Source records:

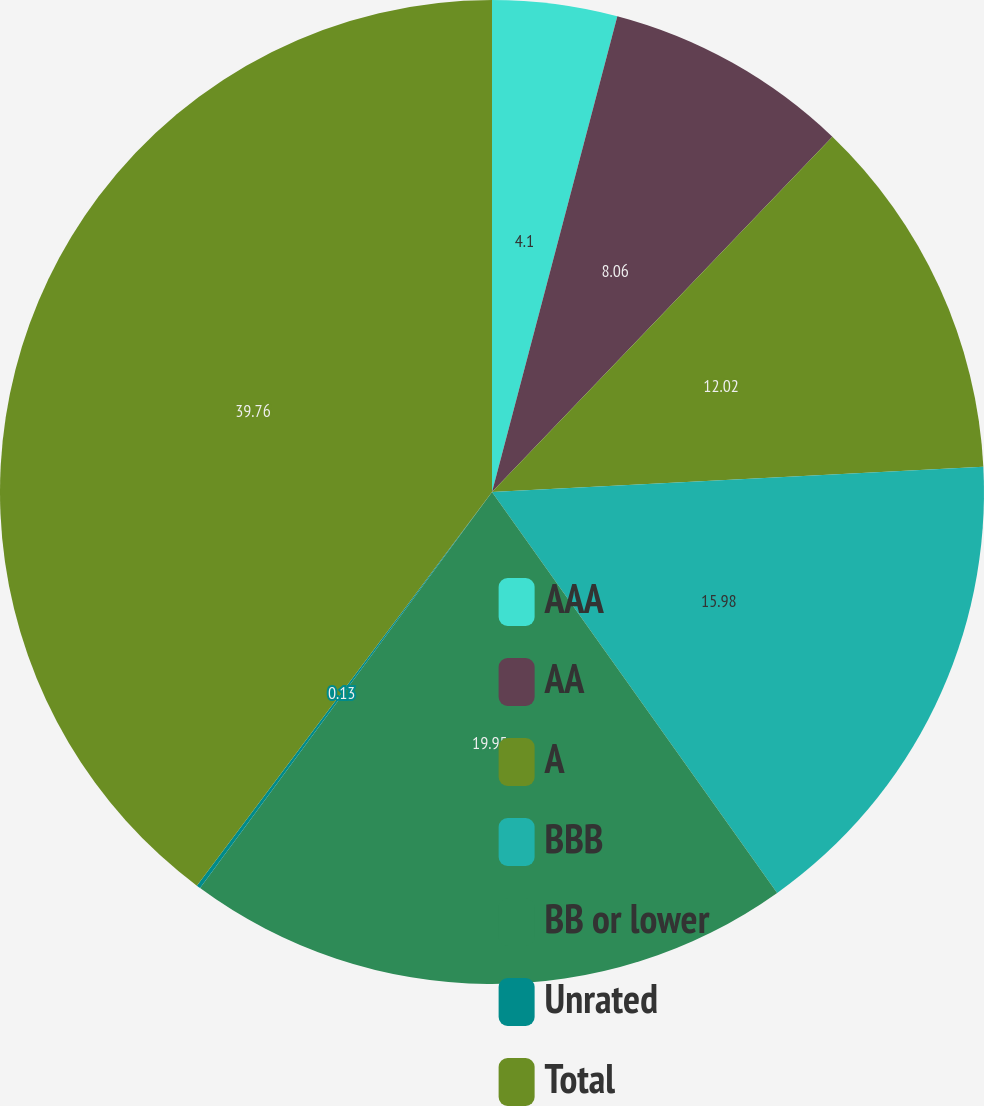<chart> <loc_0><loc_0><loc_500><loc_500><pie_chart><fcel>AAA<fcel>AA<fcel>A<fcel>BBB<fcel>BB or lower<fcel>Unrated<fcel>Total<nl><fcel>4.1%<fcel>8.06%<fcel>12.02%<fcel>15.98%<fcel>19.95%<fcel>0.13%<fcel>39.76%<nl></chart> 
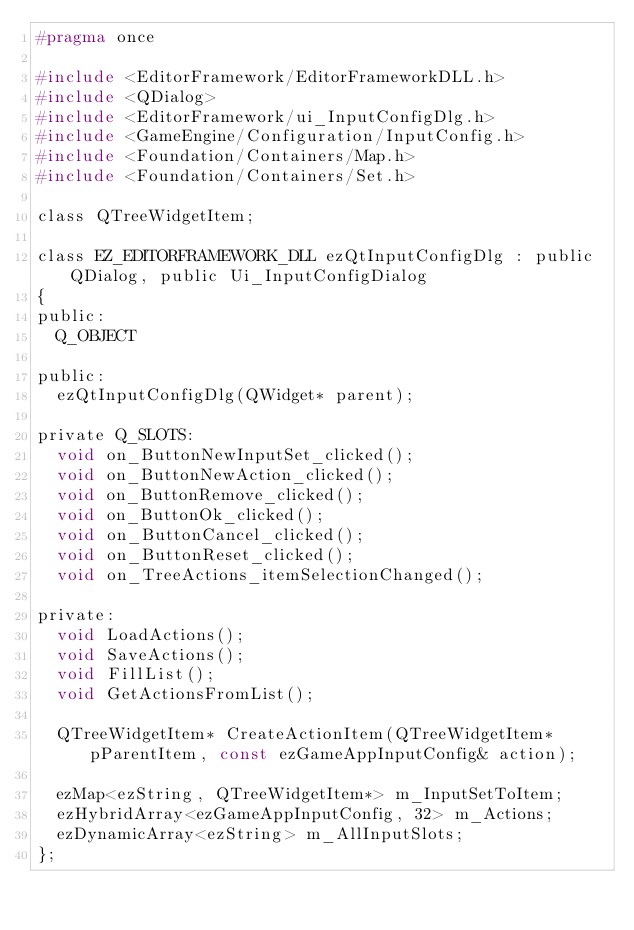Convert code to text. <code><loc_0><loc_0><loc_500><loc_500><_C_>#pragma once

#include <EditorFramework/EditorFrameworkDLL.h>
#include <QDialog>
#include <EditorFramework/ui_InputConfigDlg.h>
#include <GameEngine/Configuration/InputConfig.h>
#include <Foundation/Containers/Map.h>
#include <Foundation/Containers/Set.h>

class QTreeWidgetItem;

class EZ_EDITORFRAMEWORK_DLL ezQtInputConfigDlg : public QDialog, public Ui_InputConfigDialog
{
public:
  Q_OBJECT

public:
  ezQtInputConfigDlg(QWidget* parent);

private Q_SLOTS:
  void on_ButtonNewInputSet_clicked();
  void on_ButtonNewAction_clicked();
  void on_ButtonRemove_clicked();
  void on_ButtonOk_clicked();
  void on_ButtonCancel_clicked();
  void on_ButtonReset_clicked();
  void on_TreeActions_itemSelectionChanged();

private:
  void LoadActions();
  void SaveActions();
  void FillList();
  void GetActionsFromList();

  QTreeWidgetItem* CreateActionItem(QTreeWidgetItem* pParentItem, const ezGameAppInputConfig& action);

  ezMap<ezString, QTreeWidgetItem*> m_InputSetToItem;
  ezHybridArray<ezGameAppInputConfig, 32> m_Actions;
  ezDynamicArray<ezString> m_AllInputSlots;
};


</code>

About this task: Copy, without any change, the lines from the one that contains "#include <Foundation/Containers/Map.h>" to the final line of the entries above.

Completed exercise:
#include <Foundation/Containers/Map.h>
#include <Foundation/Containers/Set.h>

class QTreeWidgetItem;

class EZ_EDITORFRAMEWORK_DLL ezQtInputConfigDlg : public QDialog, public Ui_InputConfigDialog
{
public:
  Q_OBJECT

public:
  ezQtInputConfigDlg(QWidget* parent);

private Q_SLOTS:
  void on_ButtonNewInputSet_clicked();
  void on_ButtonNewAction_clicked();
  void on_ButtonRemove_clicked();
  void on_ButtonOk_clicked();
  void on_ButtonCancel_clicked();
  void on_ButtonReset_clicked();
  void on_TreeActions_itemSelectionChanged();

private:
  void LoadActions();
  void SaveActions();
  void FillList();
  void GetActionsFromList();

  QTreeWidgetItem* CreateActionItem(QTreeWidgetItem* pParentItem, const ezGameAppInputConfig& action);

  ezMap<ezString, QTreeWidgetItem*> m_InputSetToItem;
  ezHybridArray<ezGameAppInputConfig, 32> m_Actions;
  ezDynamicArray<ezString> m_AllInputSlots;
};


</code>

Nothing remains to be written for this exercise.